The Return of the Living Dead

Now we're finally getting to the top of the bottom of horror films.

If you like George A. Romero's "[Fill in the Blank] of the Dead" series, you'll... probably hate Return of the Living Dead, honestly. Both of them branched off from Night of the Living Dead when the writers, Romero and John Russo, couldn't agree on what to do with the story going forward.

Russo's "Return" films are pretty much the antithesis to Romero's series. The inarguably more successful "... of the Dead" films are all about using the zombie apocalypse as a backdrop for social commentary. Return of the Living Dead, meanwhile, uses zombies for gore and an excuse to show tits in a graveyard. There isn't even really an apocalypse to be had since the infection never spreads beyond a single town in any of the five films released to date.

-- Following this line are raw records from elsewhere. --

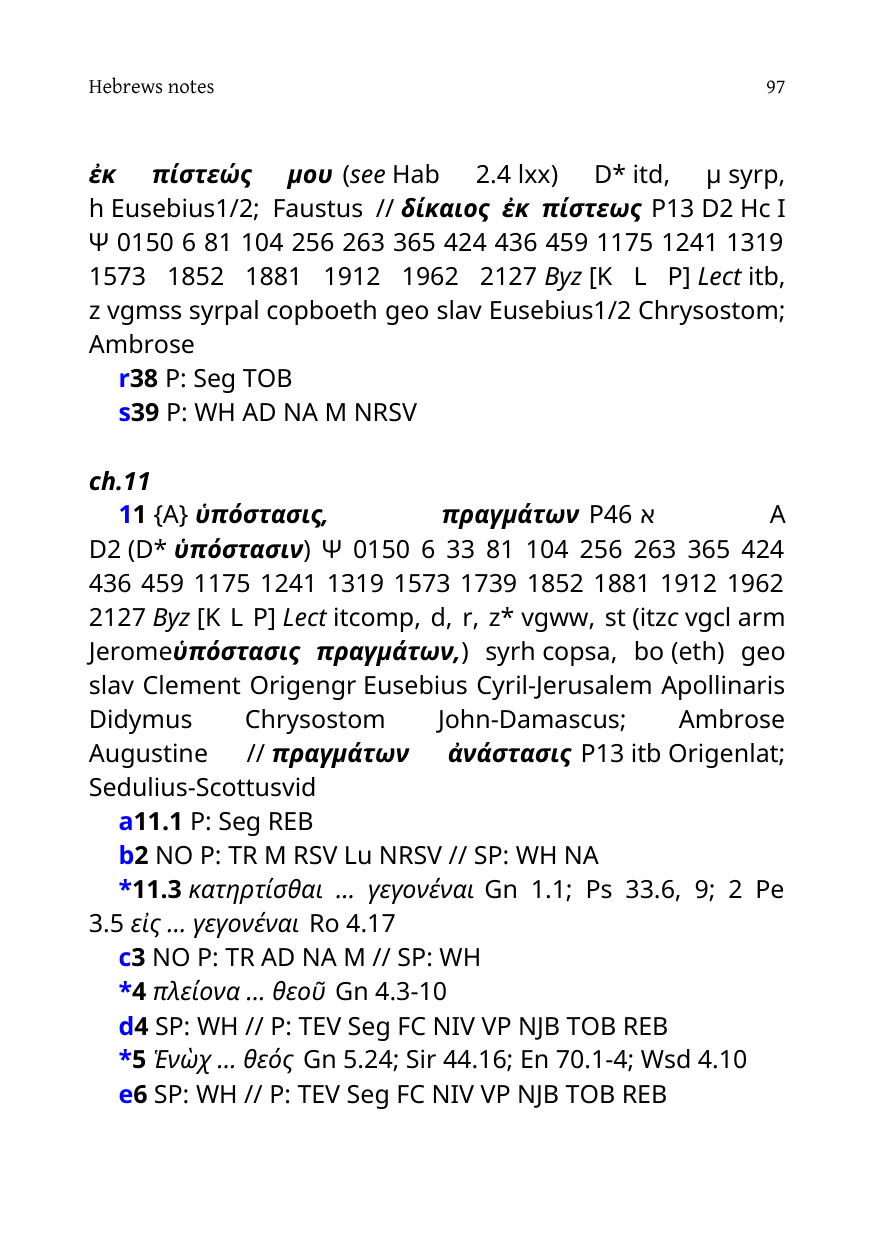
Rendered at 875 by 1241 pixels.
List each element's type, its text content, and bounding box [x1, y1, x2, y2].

text r38 P: Seg TOB [89, 361, 785, 395]
text d4 SP: WH // P: TEV Seg FC NIV VP NJB TOB REB [89, 1008, 785, 1042]
text ἐκ πίστεώς μου (see Hab 2.4 lxx) D* itd, μ syrp, h Eusebius1/2; Faustus // δίκαιος ἐκ πίστεως P13 D2 Hc I Ψ 0150 6 81 104 256 263 365 424 436 459 1175 1241 1319 1573 1852 1881 1912 1962 2127 Byz [K L P] Lect itb, z vgmss syrpal copboeth geo slav Eusebius1/2 Chrysostom; Ambrose [89, 157, 785, 361]
text e6 SP: WH // P: TEV Seg FC NIV VP NJB TOB REB [89, 1076, 785, 1110]
text s39 P: WH AD NA M NRSV [89, 395, 785, 429]
subtitle ch.11 [89, 463, 771, 497]
text c3 NO P: TR AD NA M // SP: WH [89, 940, 785, 974]
text *4 πλείονα … θεοῦ Gn 4.3-10 [89, 974, 785, 1008]
text 11 {A} ὑπόστασις, πραγμάτων P46 א A D2 (D* ὑπόστασιν) Ψ 0150 6 33 81 104 256 263 365 424 436 459 1175 1241 1319 1573 1739 1852 1881 1912 1962 2127 Byz [K L P] Lect itcomp, d, r, z* vgww, st (itzc vgcl arm Jeromeὑπόστασις πραγμάτων,) syrh copsa, bo (eth) geo slav Clement Origengr Eusebius Cyril-Jerusalem Apollinaris Didymus Chrysostom John-Damascus; Ambrose Augustine // πραγμάτων ἀνάστασις P13 itb Origenlat; Sedulius-Scottusvid [89, 497, 785, 804]
text *5 Ἑνὼχ … θεός Gn 5.24; Sir 44.16; En 70.1-4; Wsd 4.10 [89, 1042, 785, 1076]
text a11.1 P: Seg REB [89, 804, 785, 838]
text *11.3 κατηρτίσθαι … γεγονέναι Gn 1.1; Ps 33.6, 9; 2 Pe 3.5 εἰς … γεγονέναι Ro 4.17 [89, 872, 785, 940]
text b2 NO P: TR M RSV Lu NRSV // SP: WH NA [89, 838, 785, 872]
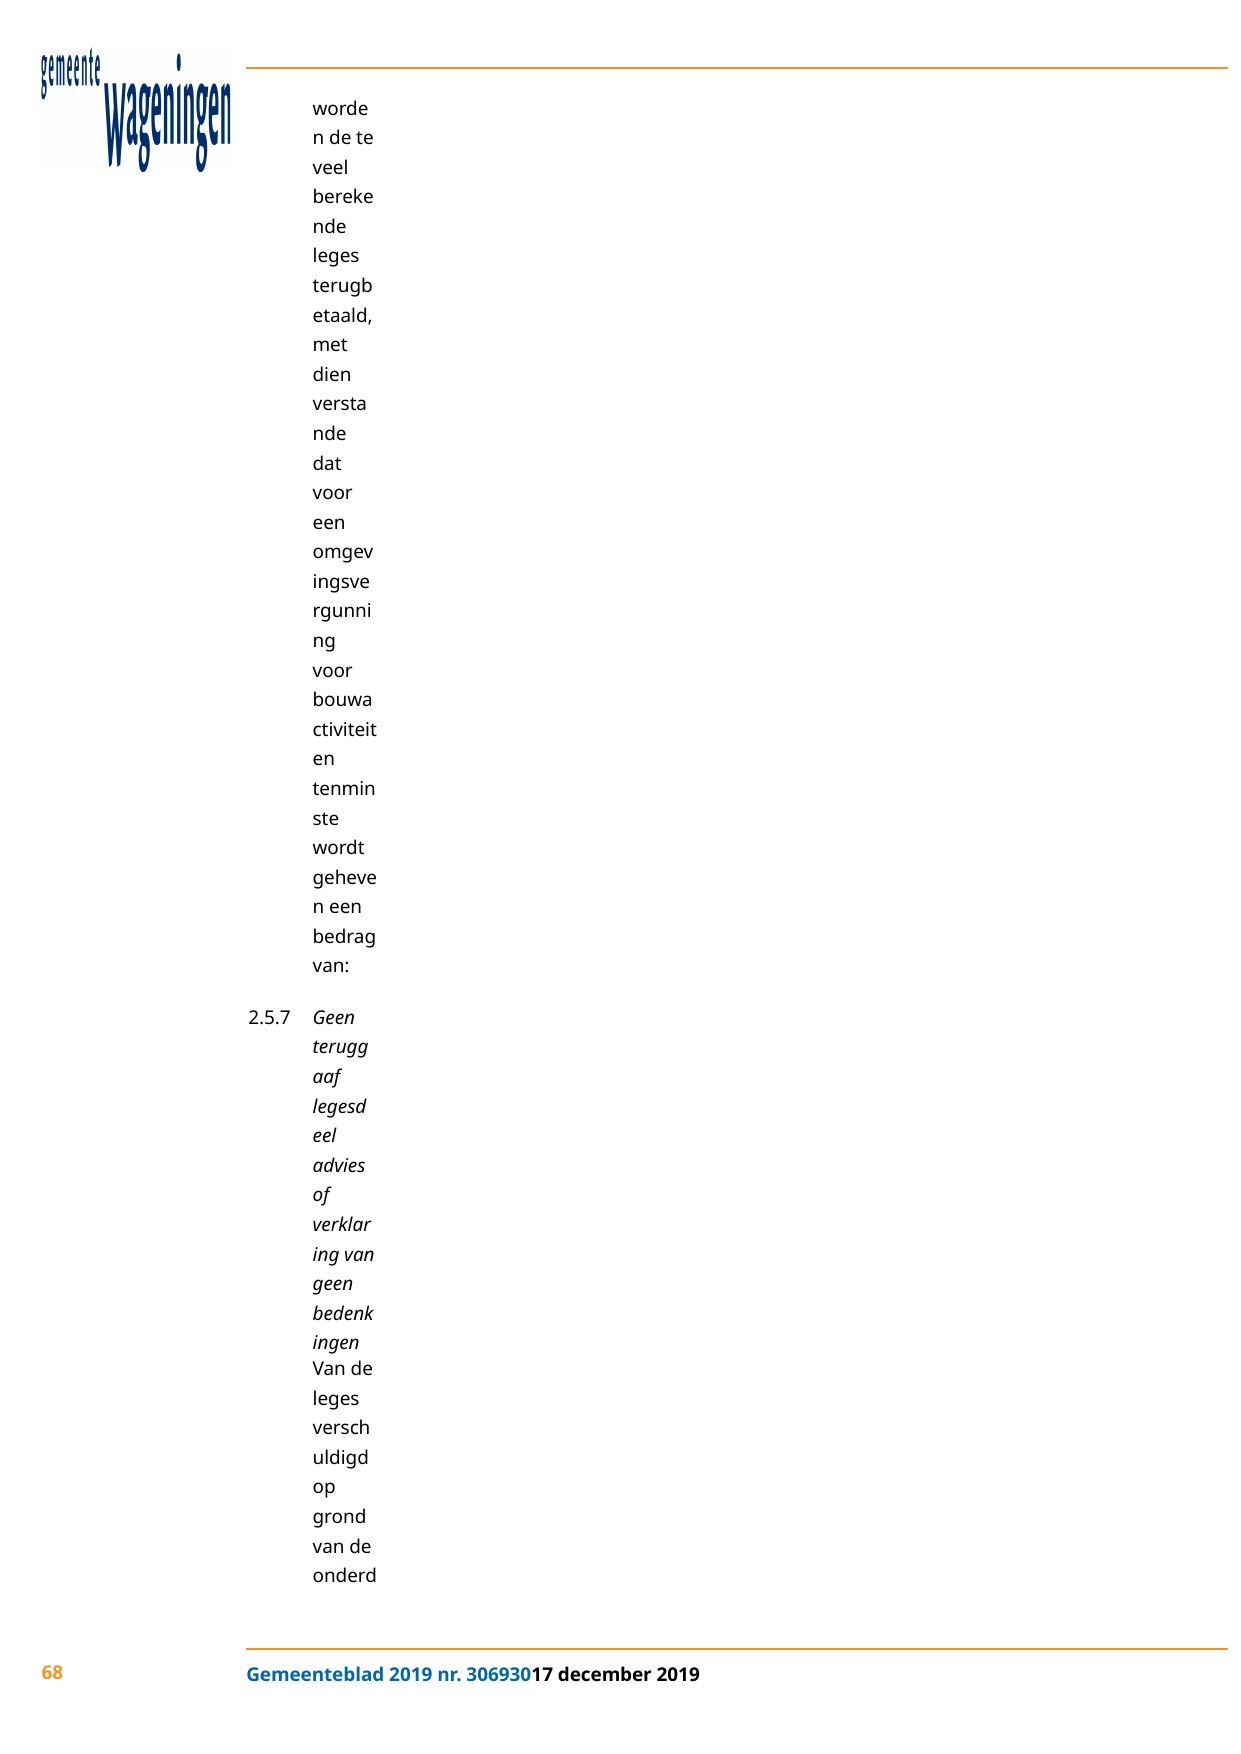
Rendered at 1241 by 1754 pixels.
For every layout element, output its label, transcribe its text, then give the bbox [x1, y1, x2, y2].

table_cell [377, 979, 442, 1004]
table_cell 2.5.7 [248, 1004, 312, 1355]
table_cell Van de leges verschuldigd op grond van de onderd [313, 1355, 377, 1588]
table_cell Geen teruggaaf legesdeel advies of verklaring van geen bedenkingen [313, 1004, 377, 1355]
table_cell [248, 979, 312, 1004]
table_cell [377, 95, 442, 978]
table_cell [313, 979, 377, 1004]
table_cell [377, 1004, 442, 1355]
table_cell [377, 1355, 442, 1588]
table_cell [248, 95, 312, 978]
table_cell [248, 1355, 312, 1588]
table_cell worden de te veel berekende leges terugbetaald, met dien verstande dat voor een omgevingsvergunning voor bouwactiviteiten tenminste wordt geheven een bedrag van: [313, 95, 377, 978]
picture [41, 47, 231, 172]

I like most of Romero's zombie films, but none of them are as good in my opinion as the first and third "Return" movies. The rest of the series is pretty terrible, but 1 & 3 are amazing. Return of the Living Dead is the film that invented the concept of brain-eating zombies that have been referenced and parodied endlessly from The Simpsons to The X-Files. However, these ironically aren't the mindless idiot zombies from Romero's films that wander aimlessly through shopping malls and vote Conservative. The zombies in RotLD are fully conscious, remember their old lives, and are in constant pain as they feel their bodies slowly rotting away, just like a Liberal. That's the best horror movie monster pathos I've seen since Frankenstein's monster got chased out of town for looking like Fred Gwynn.

Justin Trudeau's face on Trash's body from Return of the Living Dead
Brought to you by the Government of Canada.

And with that, another Valentine's Day has concluded and the corpse of Saint Valentine can go back to masturbating in his grave until next year. Let me know which of these four films was your favourite to masturbate to.